Next, let us examine the relationship among the customer loyalty indices. Although the loyalty indices are distinct constructs (as determined by the factor analysis), they are correlated with each other. Specifically, the correlation between the ALI and PLI is .64 and .67 for the Wireless study and PC study, respectively. This correlation shows us that customers who are advocates are also somewhat more likely to increase their purchase behavior compared to customers who are not advocates. Additionally, for the Wireless study, Retention Loyalty is more strongly related to the ALI (r = .61) than the PLI (r = .31).

In the next set of analyses, I wanted to understand how the ALI and PLI were related to three customer variables: 1) the number of years they have been a customer, 2) the number of people to which customers recommended in the past 12 months, and 3) age of the customer. The results appear below for the wireless service provider study.

Customer Tenure and Customer Loyalty


There is no statistically significant relationship between customer tenure and advocacy loyalty or purchasing loyalty (see Figure 1). Both advocacy and purchasing loyalty remain flat over customer tenure. Retention loyalty, however, is significantly related to customer tenure; Customers who have been with their providers for three or fewer years are less likely to defect compared to customers who have been with their providers for five or more years. Conversely, long-tenured customers are more likely to remain.

The extent to which customers will advocate or increase their purchasing behavior seems to be independent of the length of the customer relationship (a longitudinal study would be a better test of this hypothesis, though). The extent to which customers will switch to another provider, however, is related to the length of the customer relationship. This result might be indicative of the impact of the wireless service contracts on retention loyalty; Short-term customers who were likely to switch providers likely did so after their contract expired (two-year contract lengths are typical). Consequently, the remaining customers (those who become long-term customers), by the very definition of their segment, are made up of customers who are less likely to defect.

Figure 1. Relationship between Customer Tenure and Customer Loyalty



*Retention Loyalty is the reverse coded response to likelihood to switch question; so higher scores mean a lower likelihood of switching wireless service providers.

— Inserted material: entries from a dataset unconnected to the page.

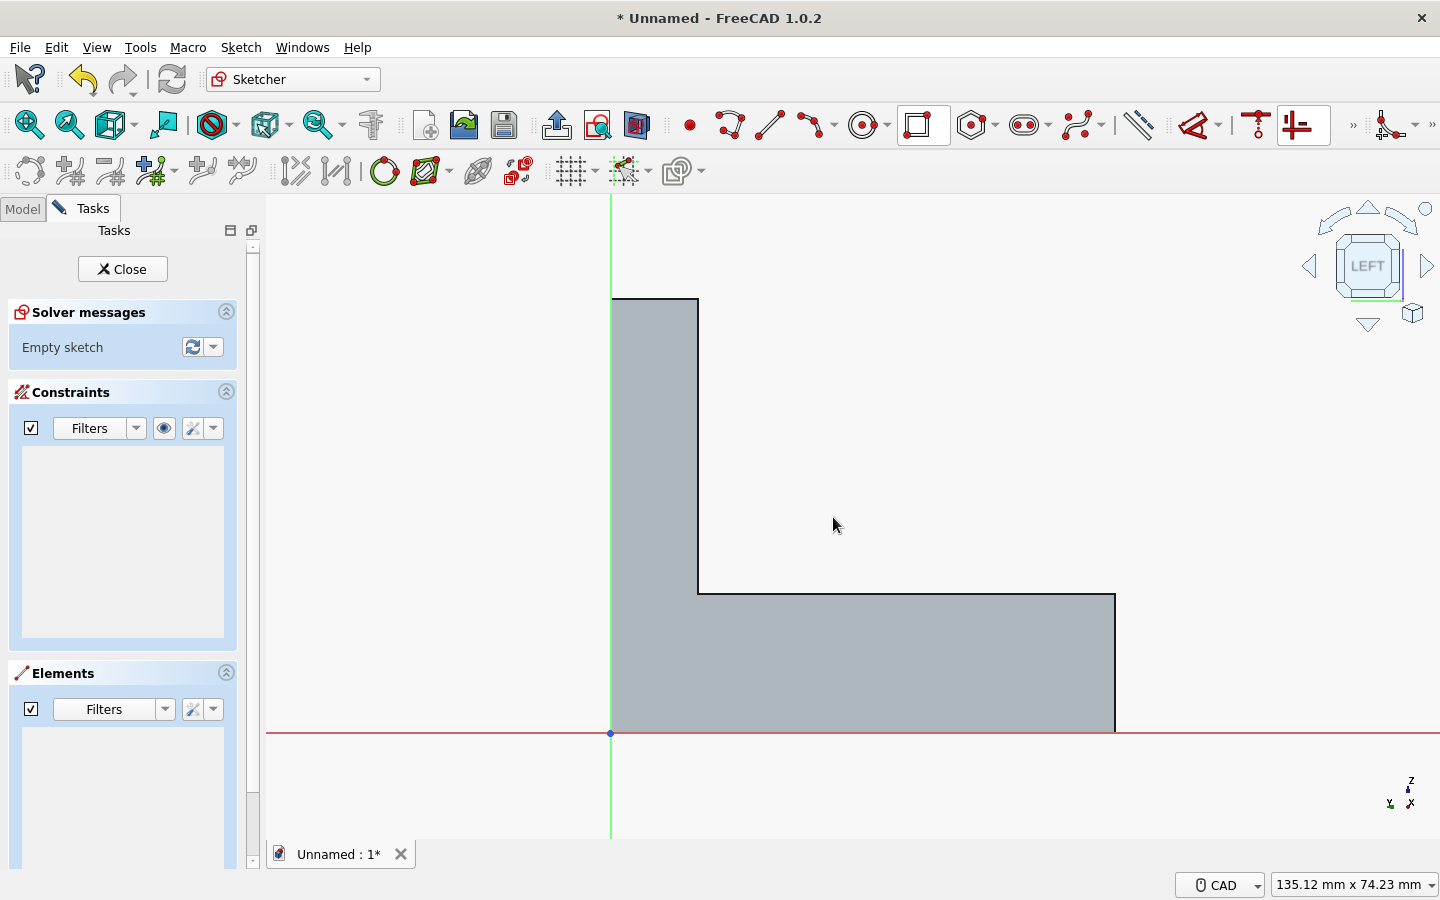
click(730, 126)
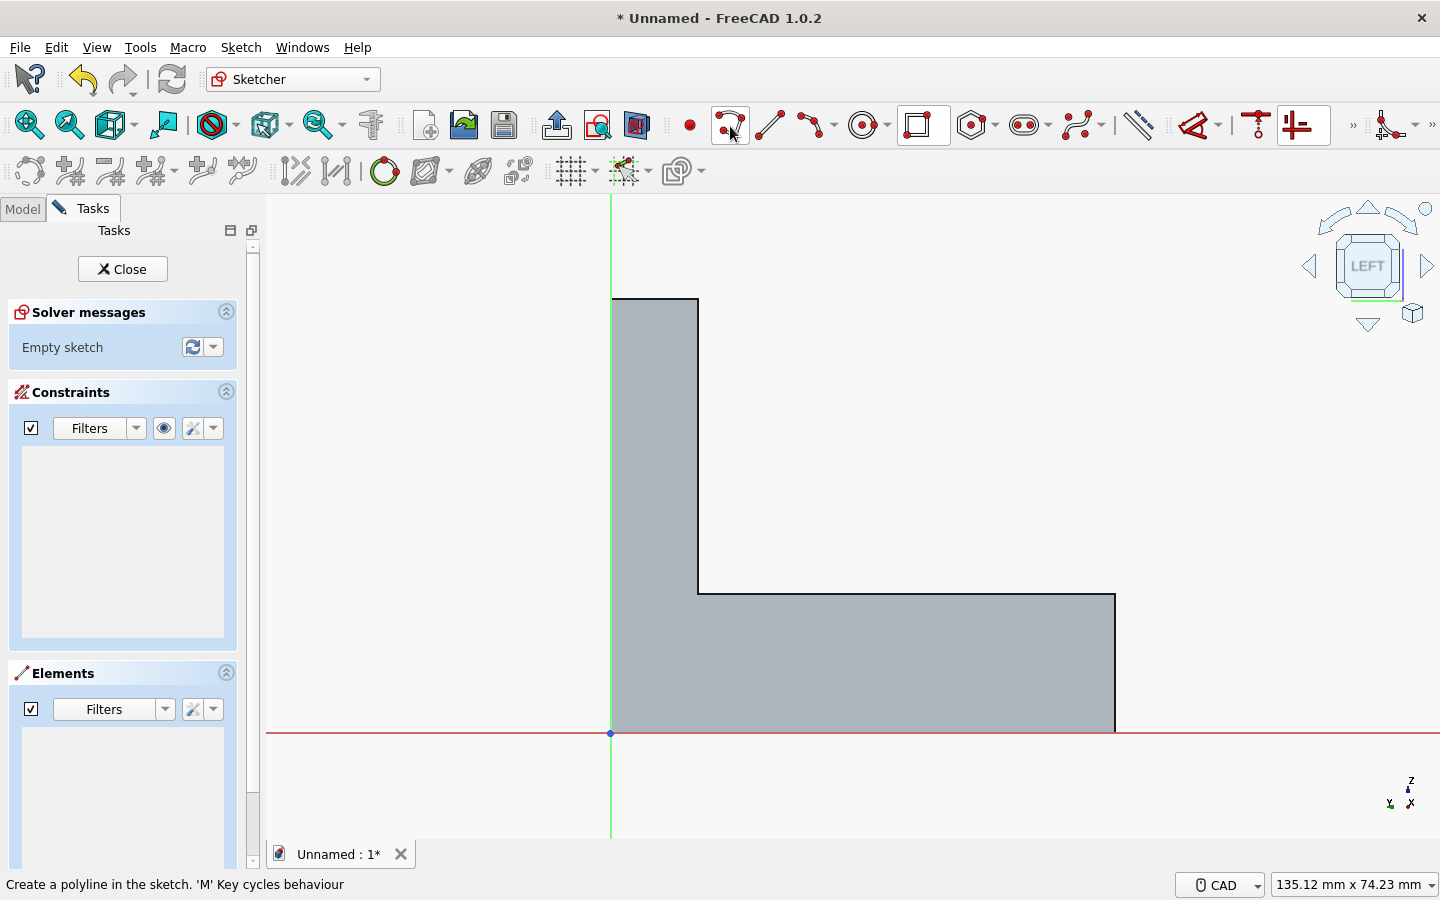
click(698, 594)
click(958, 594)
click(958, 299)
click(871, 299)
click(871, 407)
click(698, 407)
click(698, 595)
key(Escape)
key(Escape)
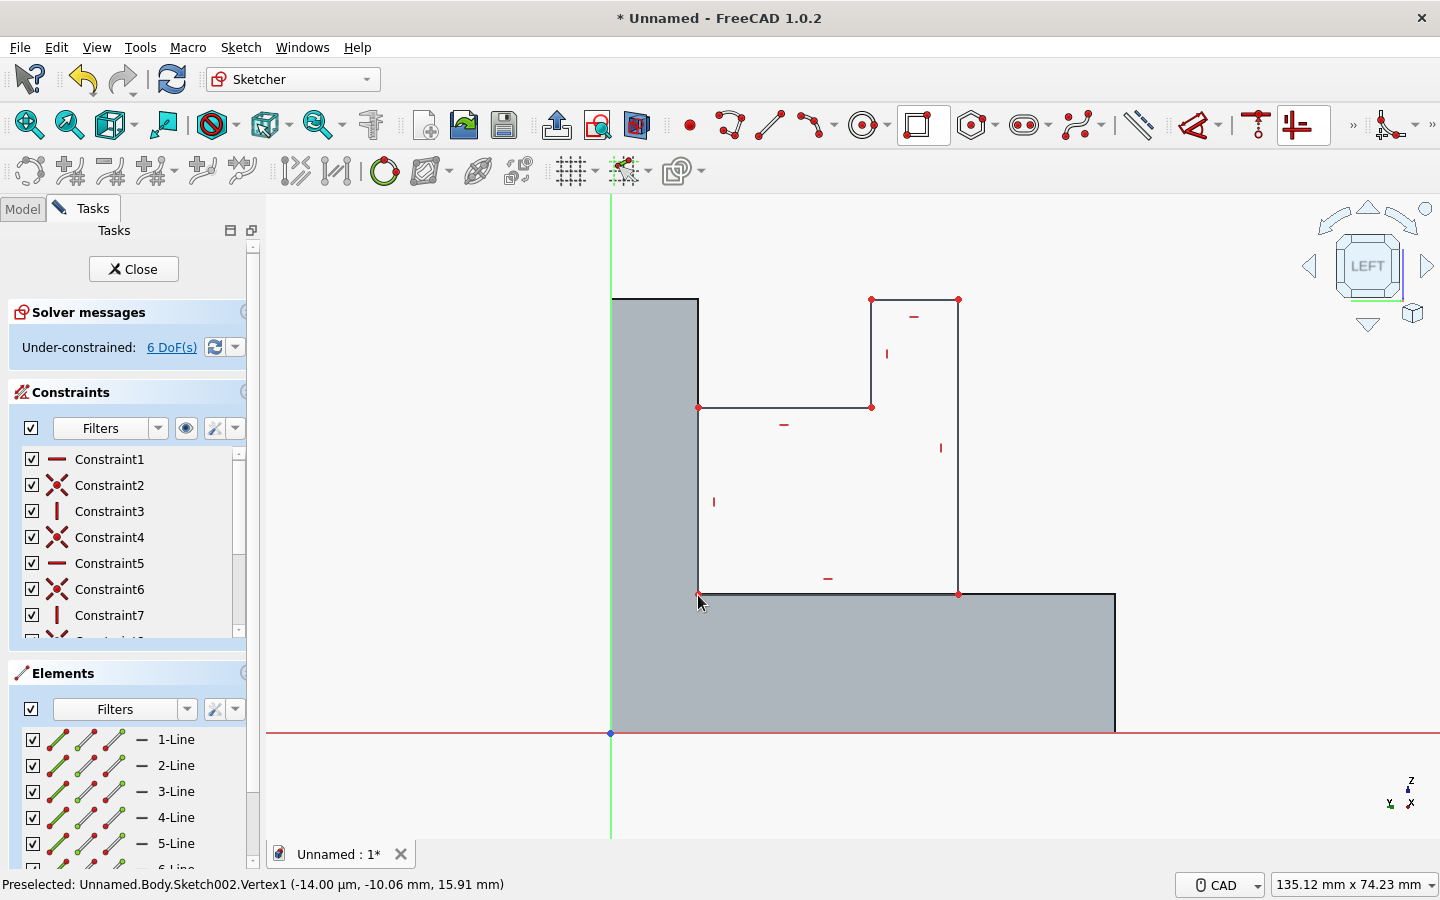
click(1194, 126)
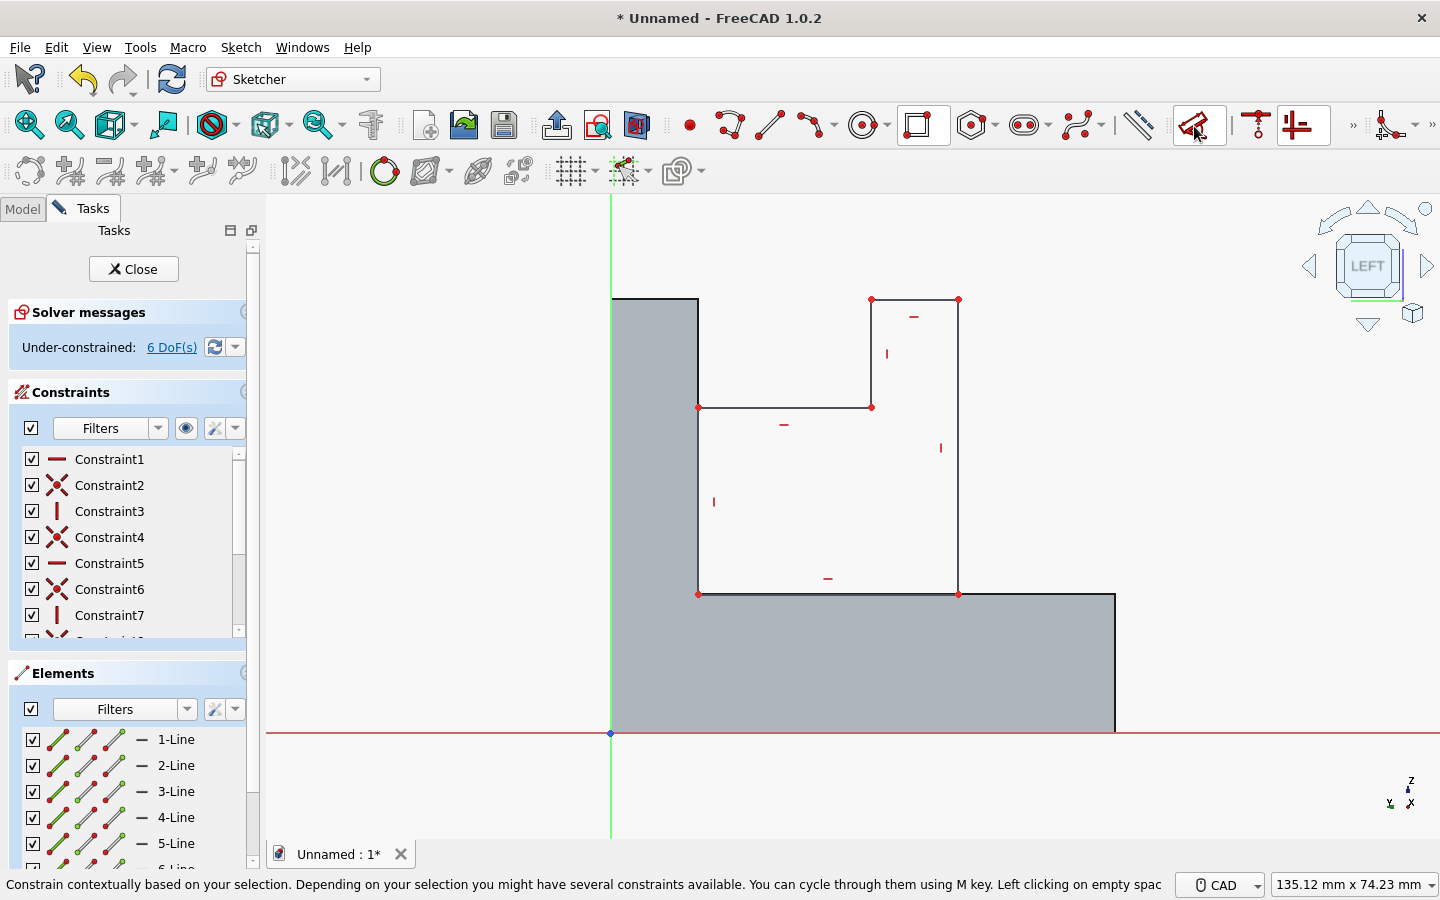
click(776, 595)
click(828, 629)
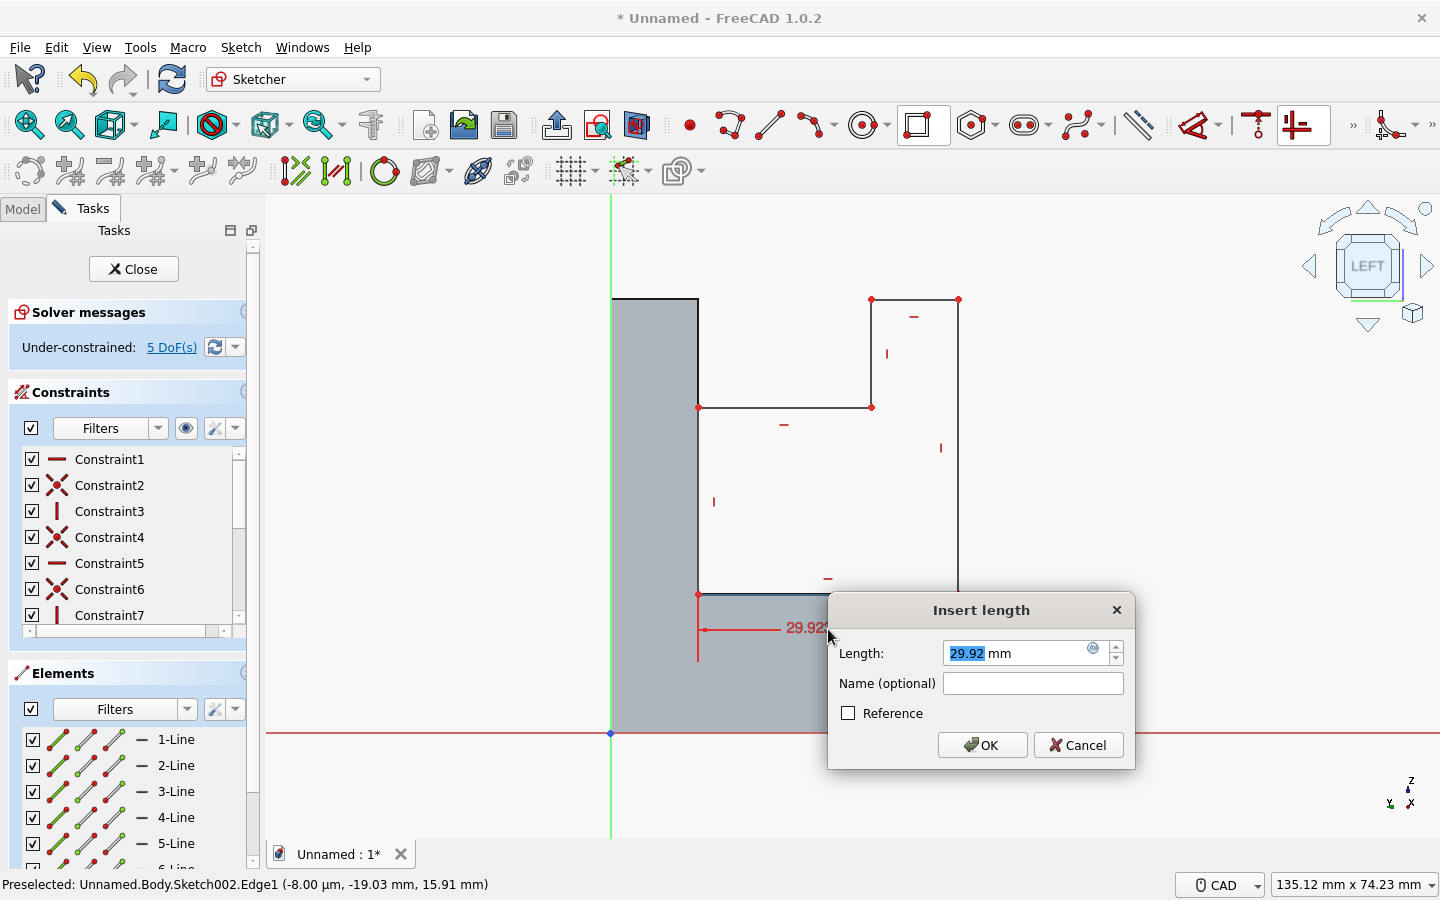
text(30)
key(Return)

Number of Recommendations and Customer Loyalty


The next set of analyses looked at the relationship between each of the loyalty indices and the number of people customers recommend in the previous 12 months. In the survey, customers were asked to indicate the number of friends/colleagues they recommended the provider to in the past 12 months. As you can see in Figure 2, the number of previous recommendations is strongly related to both advocacy loyalty and purchasing loyalty and is weakly related to retention loyalty. Customers who did not recommend their wireless service provider to anybody showed lower levels of advocacy and purchasing loyalty compared to customers who did recommend their wireless service provider. Retention loyalty, however, showed less of a relationship to the number of recommendations; while there is a slight increase in customer retention for customers who recommend their provider to 1 to 5 friends, retention drops back down for those customers who recommended their provider to 6 or more friends.

Figure 2. Relationship between Number of Prior Recommendations and Customer Loyalty


*Retention Loyalty is the reverse coded response to likelihood to switch question; so higher scores mean a lower likelihood of switching wireless service providers.

Surprisingly, the extent to which customers recommended their service provider has a substantial impact on their future purchase behaviors. It appears that, to increase purchasing behavior, a company should not only improve the customer service delivery system, but should also find ways to simply encourage customers to recommend them to their friends. Humans tend to behave in ways that are congruent with their beliefs. The mere act of recommending a given service provider may have the ultimate impact on purchasing behavior (“If I am recommending them, I should be purchasing from them.”).

Wireless service providers should continue to find ways to encourage customers to recommend them to their friends. The current findings strongly suggest that customers who recommend their service provider to friends may not only improve financial performance through helping grow the customer base, but also through their own increased purchasing behavior.

Customer Age and Customer Loyalty


There was no significant relationship of age with advocacy loyalty. However, customers’ age was significantly related to purchasing loyalty and retention loyalty. Younger customers have higher levels of purchasing loyalty and retention loyalty compared to older customers. Purchasing loyalty is at its highest for customers between the ages of 26-30 years. The lowest is for customers who are 51+ years. Conversely, retention loyalty is at its highest for customers who are 51+ years and lowest for customers who are 31-40 years (see Figure 3).

The relatively greater likelihood that younger customers will increase their purchase behavior may be driven by characteristics of the younger customers (e.g., keeping up with friends) or marketing that is targeted at younger customers to purchase additional features from their service provider (e.g., text messaging, ring tones, Web access). These same same reasons may encourage customers to switch to providers who offer seemingly more attractive service packages.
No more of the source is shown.